The first edit with is_self_revert = True is https://en.wikipedia.org/w/index.php?diff=1075902621. This edit isn't a revert, but it was later reverted, by the same editor who made this edit. We're not interested in this - we're interested in whether the edit itself is the self-revert, i.e. this edit should be True: https://en.wikipedia.org/w/index.php?title=Dune_(2021_film)&diff=next&oldid=1075902984

Does that make sense?

Samwalton9-WMF moved this task from Done to Ready on the Moderator-Tools-Team (Kanban) board.

We decided to also proactively support German and Japanese Wikipedias since they're engaged with this project. Could you also generate the same datasets for these wikis?

@Samwalton9-WMF I have updated the Sheet with jawiki and dewiki datasets.

We chatted briefly on Slack - it turns out self-reverts were excluded from these datasets entirely. We'd rather have them in the dataset, and have Automoderator say 'No' to reverting them, rather than exclude them from the data at the outset. This isn't a blocker for v1 of testing, so no rush.
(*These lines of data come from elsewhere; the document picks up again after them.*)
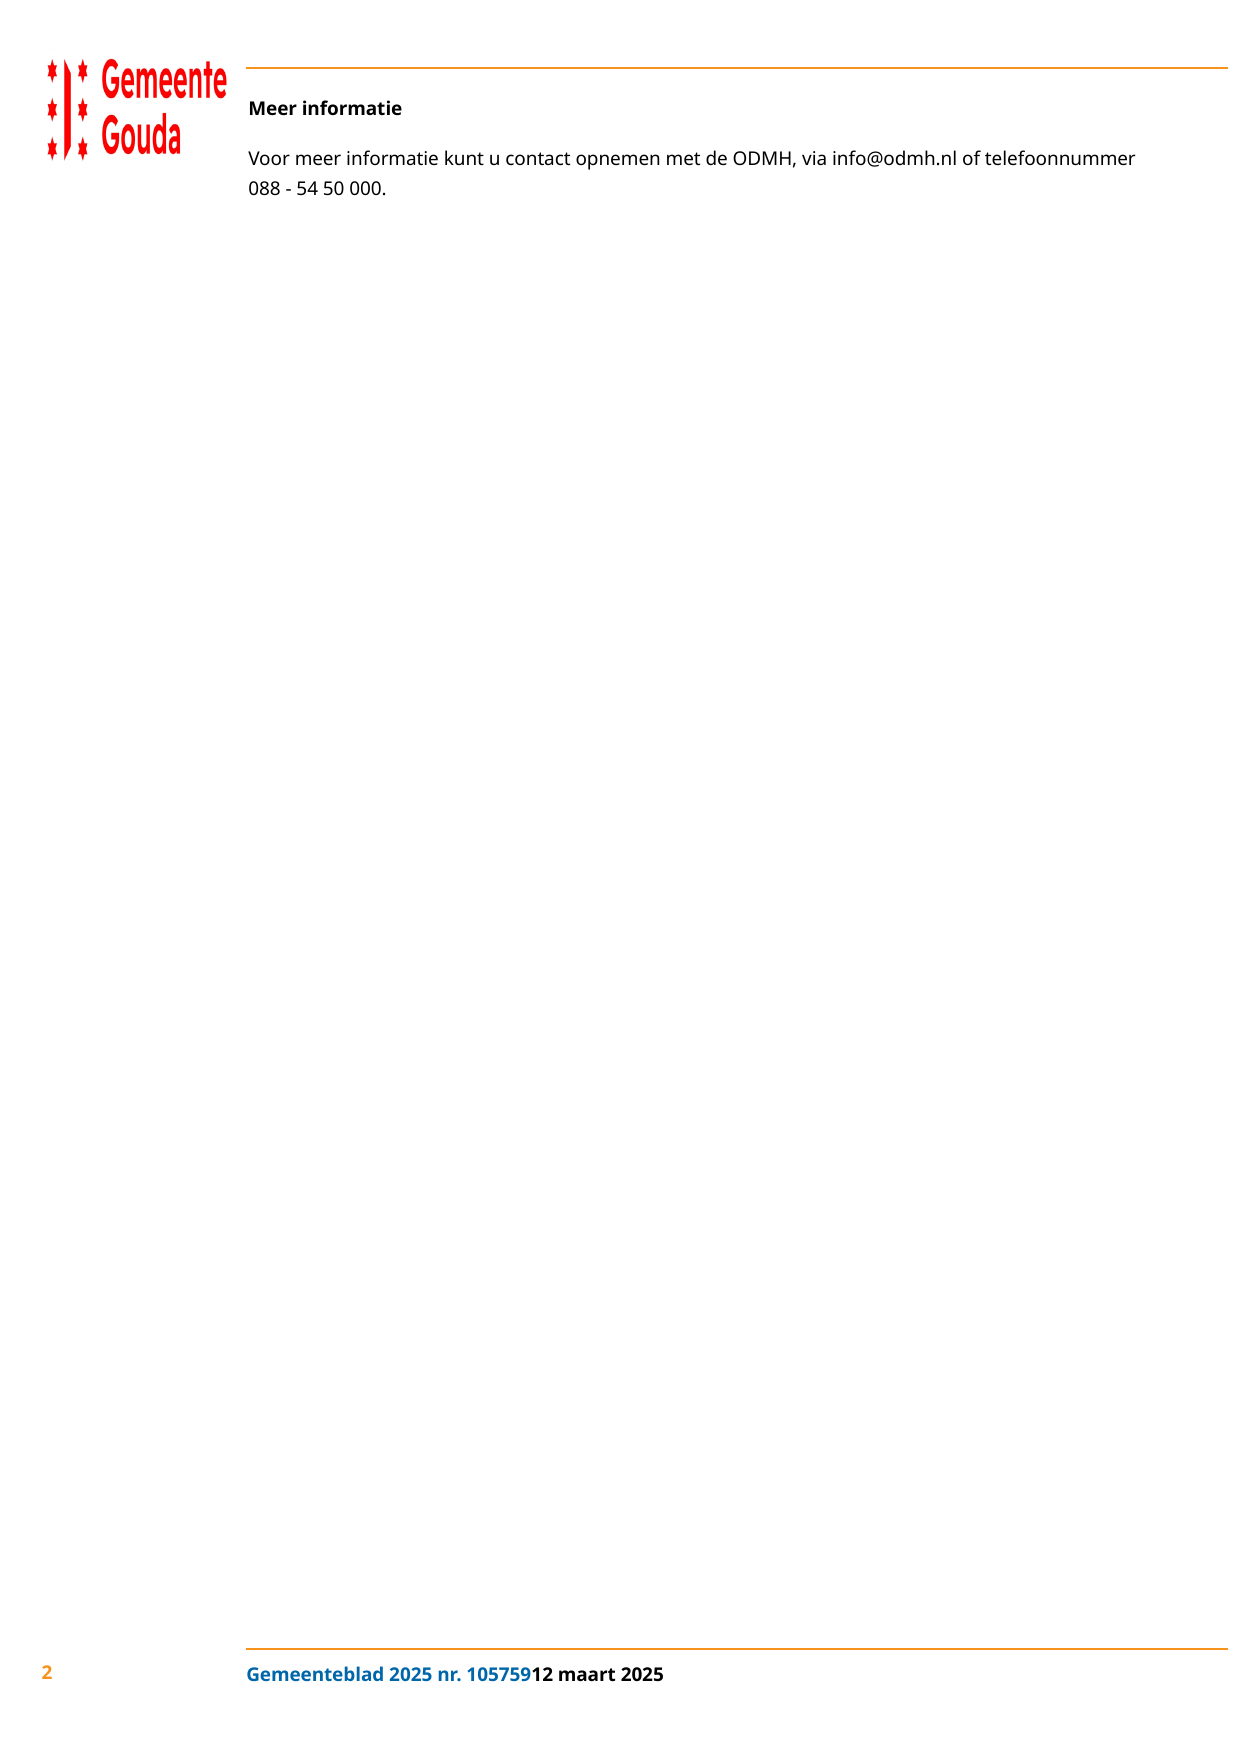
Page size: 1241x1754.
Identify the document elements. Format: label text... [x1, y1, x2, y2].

text Voor meer informatie kunt u contact opnemen met de ODMH, via info@odmh.nl of telefoonnummer 088 - 54 50 000. [248, 145, 1152, 201]
picture [41, 47, 231, 172]
text Meer informatie [248, 95, 1152, 121]
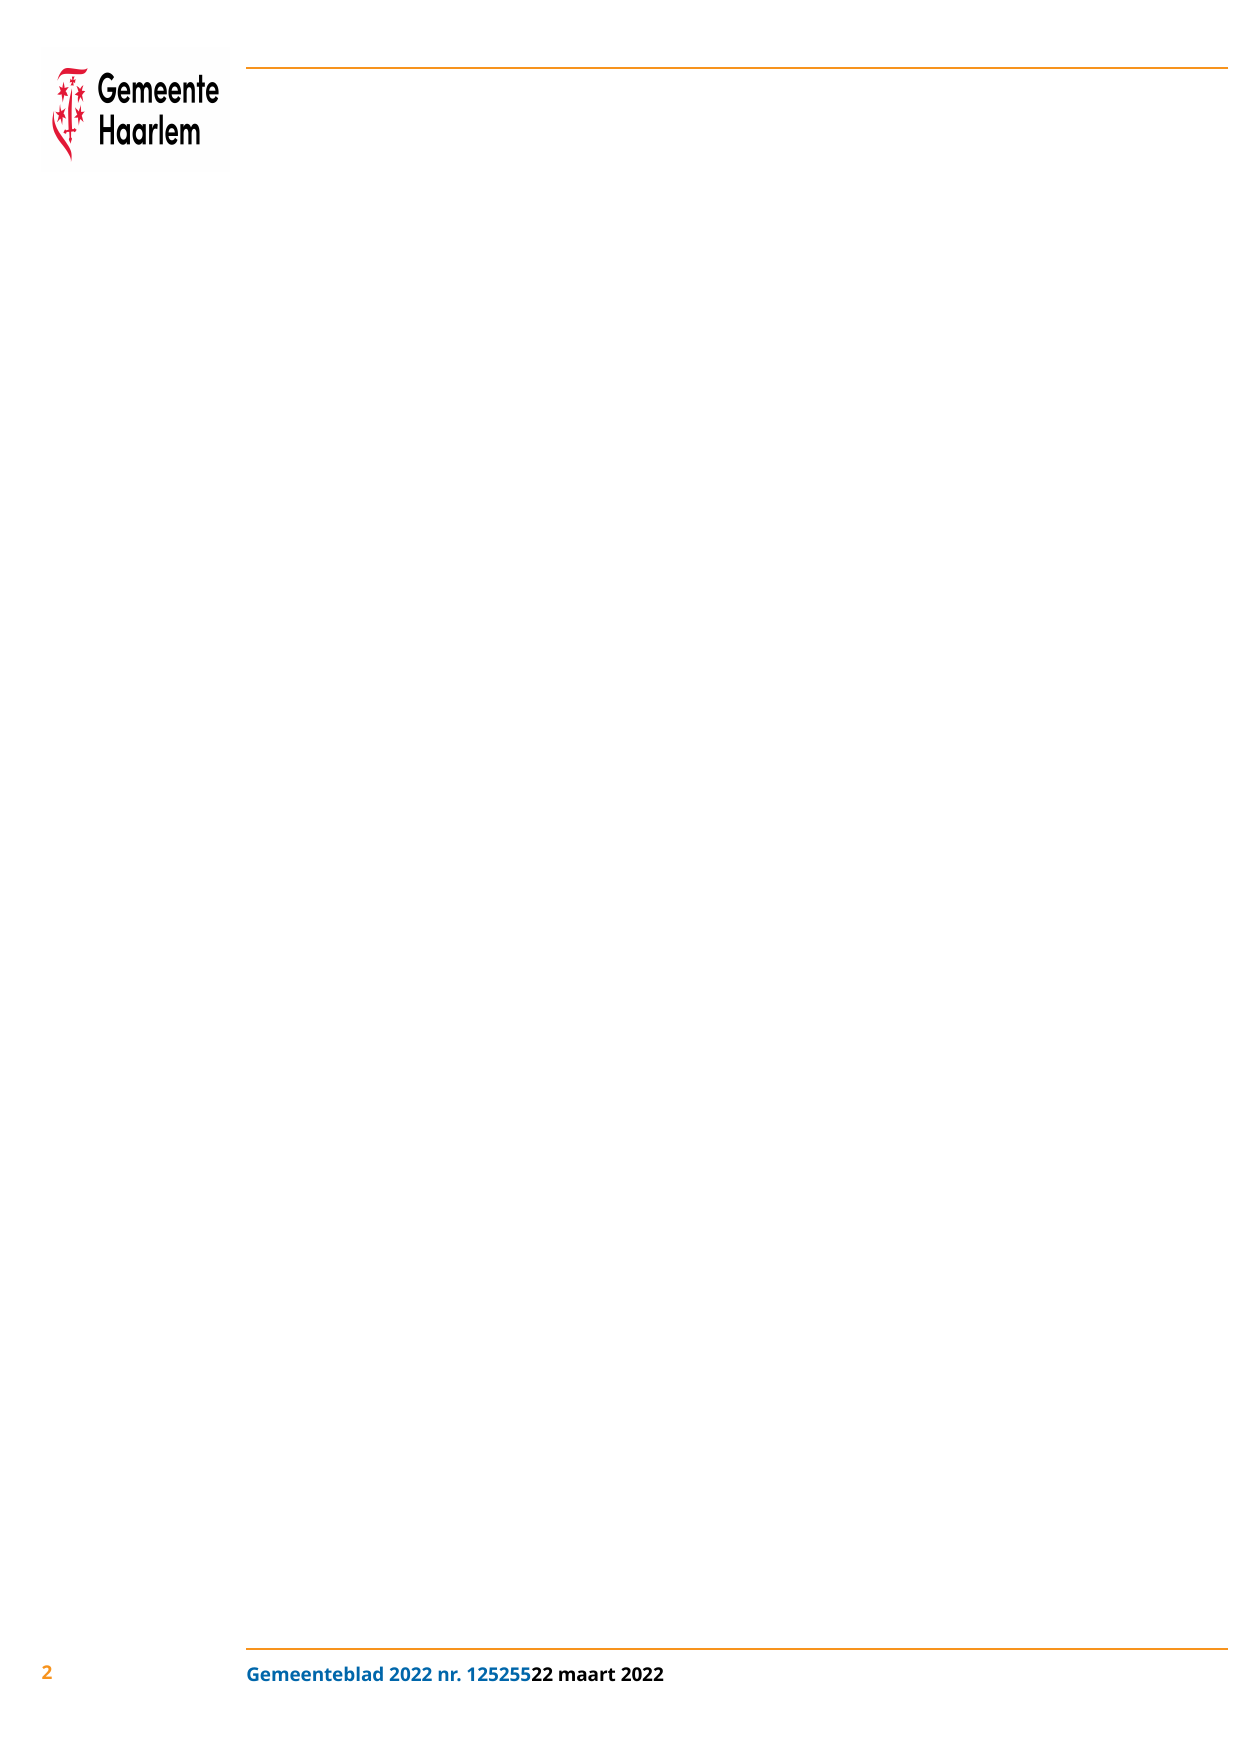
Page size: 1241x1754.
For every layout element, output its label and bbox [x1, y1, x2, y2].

@Samwalton9-WMF @KCVelaga_WMF: It's unclear if this is done or there's more work that remains. If it is done according to the original scope but more work emerged (which seems to be the case), please resolve and create a new task for that additional work.

mpopov triaged this task as Medium priority.Oct 26 2023, 3:52 PM
KCVelaga_WMF renamed this task from Generate datasets for Automoderator model testing to Generate datasets for Automoderator model testing for top 150 Wikipedias.Nov 13 2023, 7:26 AM
KCVelaga_WMF updated the task description. (Show Details)

It is more time efficient for me to generate in bulk rather than one each time. To start with, I will generate and store the data for top 150 Wikipedias, according to wiki comparision data.

KCVelaga_WMF raised the priority of this task from Medium to High.
KCVelaga_WMF added subscribers: Chqaz, Ponor.